In practice, you would use databases like Pfam, UniProt, or SCOP.

In [None]:
def generate_kinase_sequence(length=150):
    """
    Generate synthetic kinase-like sequence.
    Kinases often have ATP-binding motif (GXGXXG) and catalytic loop (DFG).
    """
    sequence = [np.random.choice(list(AMINO_ACIDS)) for _ in range(length)]
    
    # Insert ATP-binding motif
    motif = ['G', 'K', 'G', 'S', 'F', 'G']
    pos = np.random.randint(10, 40)
    sequence[pos:pos+len(motif)] = motif
    
    # Insert catalytic motif (DFG)
    catalytic = ['D', 'F', 'G']
    pos = np.random.randint(60, 90)
    sequence[pos:pos+len(catalytic)] = catalytic
    
    return ''.join(sequence)

def generate_protease_sequence(length=150):
    """
    Generate synthetic protease-like sequence.
    Proteases have catalytic triad (Ser-His-Asp or Cys-His-Asn).
    """
    sequence = [np.random.choice(list(AMINO_ACIDS)) for _ in range(length)]
    
    # Insert catalytic triad residues at different positions
    positions = [np.random.randint(20, 50), 
                 np.random.randint(60, 90), 
                 np.random.randint(100, 130)]
    sequence[positions[0]] = 'S'  # Serine
    sequence[positions[1]] = 'H'  # Histidine
    sequence[positions[2]] = 'D'  # Aspartate
    
    return ''.join(sequence)

def generate_transporter_sequence(length=150):
    """
    Generate synthetic transporter-like sequence.
    Transporters have hydrophobic transmembrane regions.
    """
    hydrophobic_aa = 'AVILMFW'
    sequence = []
    
    # Create alternating hydrophobic and mixed regions
    pos = 0
    while pos < length:
        if pos % 40 < 20:  # Transmembrane region
            sequence.append(np.random.choice(list(hydrophobic_aa)))
        else:  # Cytoplasmic/extracellular region
            sequence.append(np.random.choice(list(AMINO_ACIDS)))
        pos += 1
    
    return ''.join(sequence)

# Generate dataset
n_samples_per_class = 400
sequences = []
labels = []
label_names = ['Kinase', 'Protease', 'Transporter']
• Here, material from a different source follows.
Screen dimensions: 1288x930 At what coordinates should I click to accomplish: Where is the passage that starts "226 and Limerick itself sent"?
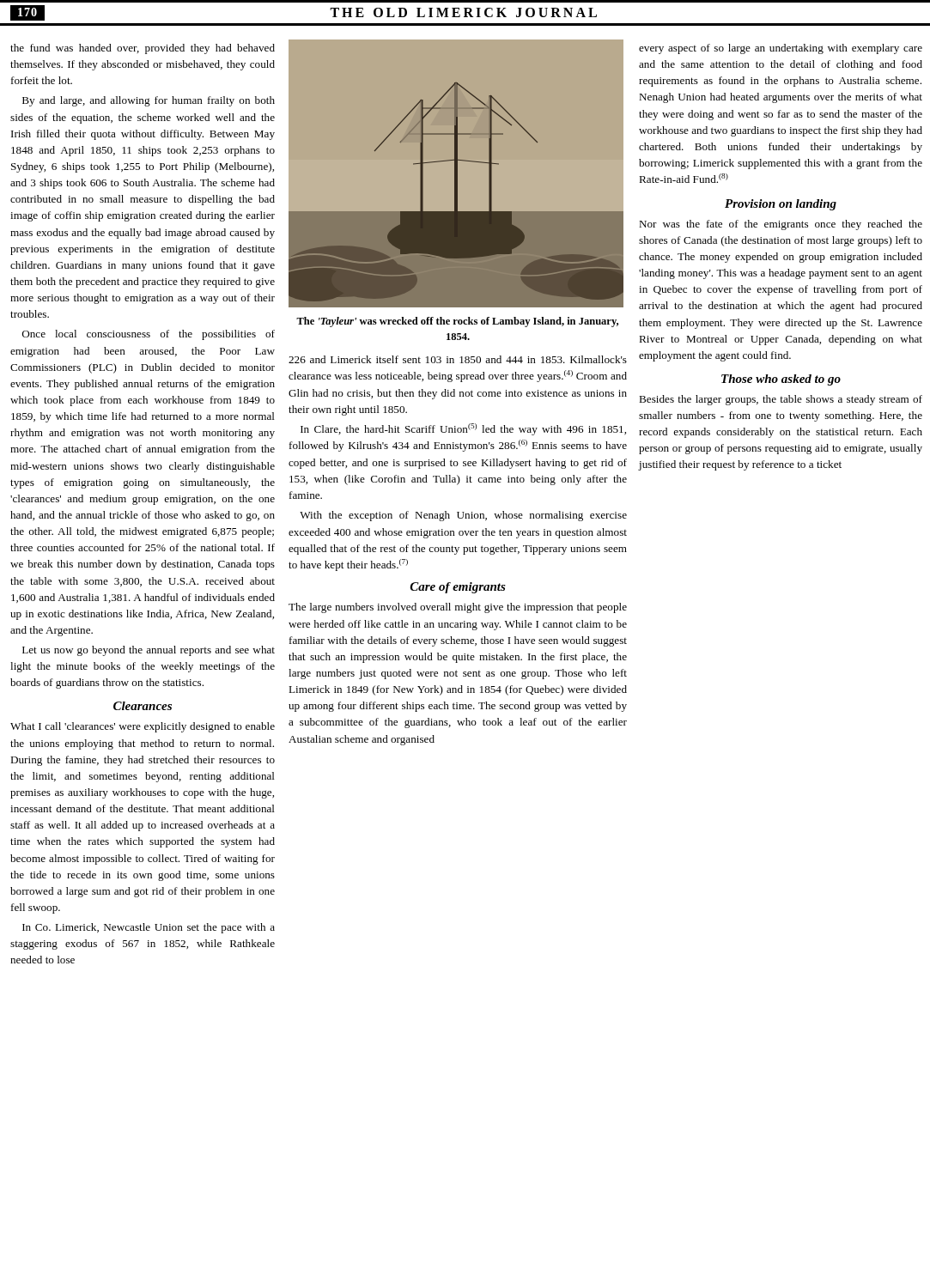coord(458,462)

for i in range(n_samples_per_class):
    sequences.append(generate_kinase_sequence(length=np.random.randint(120, 180)))
    labels.append(0)
    
    sequences.append(generate_protease_sequence(length=np.random.randint(120, 180)))
    labels.append(1)
    
    sequences.append(generate_transporter_sequence(length=np.random.randint(120, 180)))
    labels.append(2)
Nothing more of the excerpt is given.